Seasoned. Adj. 1: flavorful, zesty, interesting; 2: cured, tempered; 3: improved or enhanced via experience; 4: colloq: of or pertaining to the seasons.

. Noun. Maintaining life in a particular manner or style; vitality.

Trash and Treasure

Spring has sprung here at Casa Beall in Chicago, and I find myself thinking about throwing open the windows to bring in fresh air. I find myself thinking about what I need to do to refresh my home and life. I contemplate renewal and rebirth. I meditate on what I need to grow into a better person. Much of the answer to these thoughts, contemplations and meditations can be summarized in two words: spring cleaning!

True (ie, "deep") spring cleaning is about dealing properly with the "stuff" we might find, uncover or discover in the process, whether it’s trash or treasure! It’s more than merely purging. Of course, anyone who has read my various writings knows that I am a huge fan of purging (ie, "getting rid of stuff"). Much of this perspective is recorded in my article on "Letting Go" at http://www.soulfulliving.com/logic_letting_go.htm. Since my goal is to always cover new ground with my writings, to move forward, rather than to revisit the past, this column is going to have a somewhat different orientation.

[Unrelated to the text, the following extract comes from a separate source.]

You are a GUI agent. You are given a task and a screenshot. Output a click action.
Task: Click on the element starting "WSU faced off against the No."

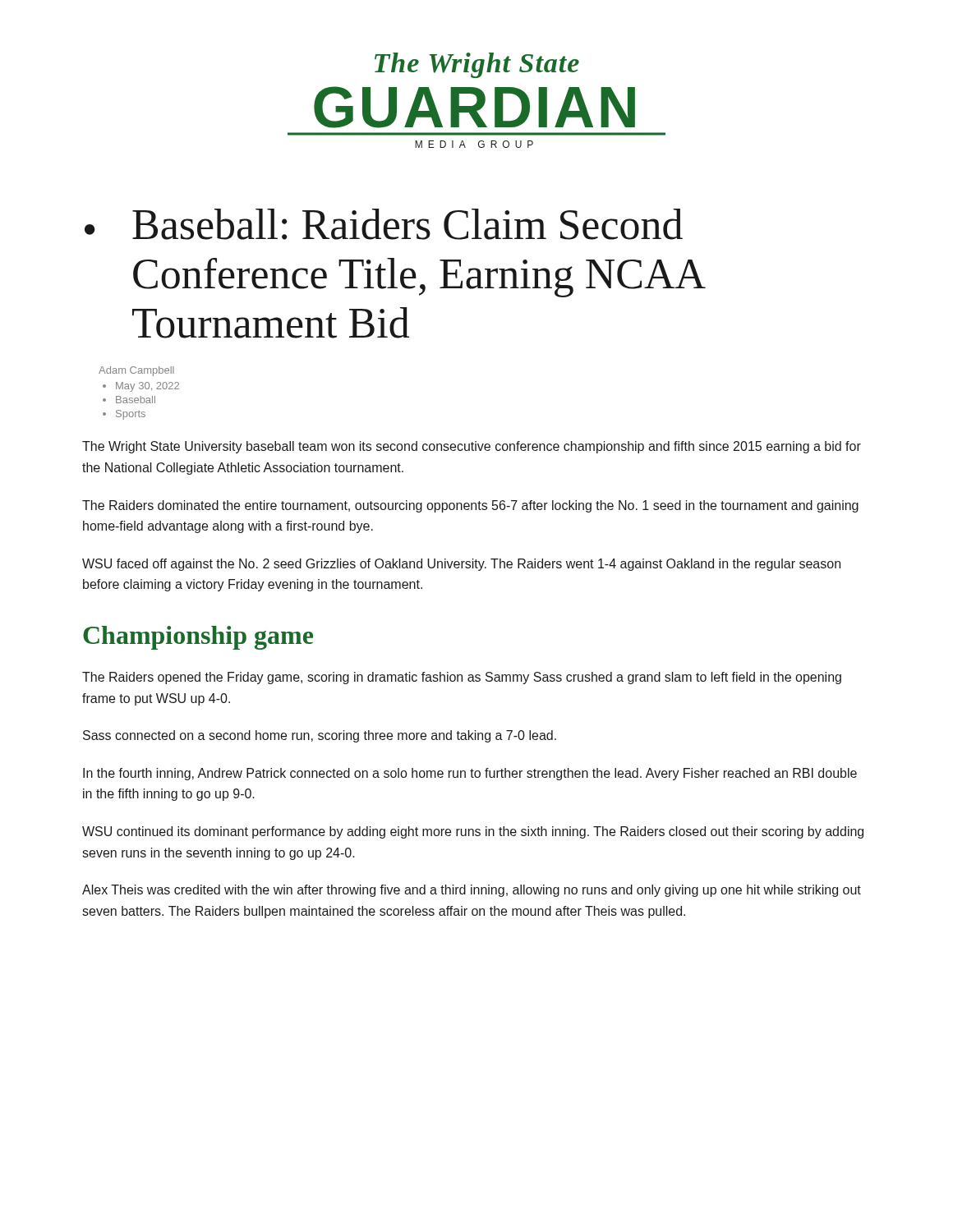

"The Logic of Letting Go" was a theoretical framework of "letting go" and "purging," with an emphasis on the different types of "getting rid of stuff." This column, "Trash and Treasure," is also theoretical, but with an emphasis on the actual process of "spring cleaning" (materially, psychologically and spiritually), especially where that process yields wonderful discoveries of both trash and treasure (and what those discoveries mean for enhancing our lives and helping us grow).

When beginning spring cleaning, it’s useful to have some sort of general plan about how to proceed, but that plan should be very flexible, and it is good to avoid any preconceptions about what the precise results of the cleaning should be. I generally start with a general cleaning (vacuuming, dusting, washing, tossing out trash). Once the general cleaning is done, it is easier to go in for a deep cleaning, slowly, one room at a time, getting behind and under and inside of structures that are usually in the way of general cleaning. Deep spring cleaning gets into the dark recesses that we usually gloss over during routine cleaning. The goal is to make everything tidy, visually satisfying and aromatically pleasing … to freshen our external environment, thus refreshing and enlivening ourselves.

Once you get into those dark corners, it is amazing, even shocking, what you’ll find. Sometimes you’ll uncover some really disgusting stuff! Maybe you’ll discover what was once a piece of fruit that rolled under a piece of furniture. Perhaps behind the living room chair you’ll find an unfortunate example of kitty yark. I know people who have found dead rodents in those hidden recesses, where they decayed and festered and grew nastier over time.

Sorry to be so graphic, but I needed to make a counterpoint: sometimes we find treasures in those hidden corners! In my own case, the treasure has been as mundane as recovering a plastic bottle that was the perfect size for week’s worth of mouthwash for my travels (the cats found it a great play toy, and it ended up under the couch). I’ve found books that have slipped under furniture, or behind bookcases. I have rediscovered photographs, articles, clippings and reprints that the cats decided to "file" in the wrong place (also known as "playing"). My favorite is finding money; for some reason, that doesn’t happen too often, but I keep looking! I’m hopeful.

As you must suspect, this discussion of physical spring cleaning is a metaphor for psychological and spiritual spring cleaning. Spring is an ideal time for such "inner" cleaning, as the increasing warmth and light (after a long, dark, cold winter) can provide a supportive, comforting backdrop to the hard work of investigating the dim, hidden, sometimes scary recesses of our psyches. As with physical spring cleaning, we have the opportunity to uncover both trash and treasures; we have to uncover both to truly grow psychologically and spiritually! Spring is great time for growing!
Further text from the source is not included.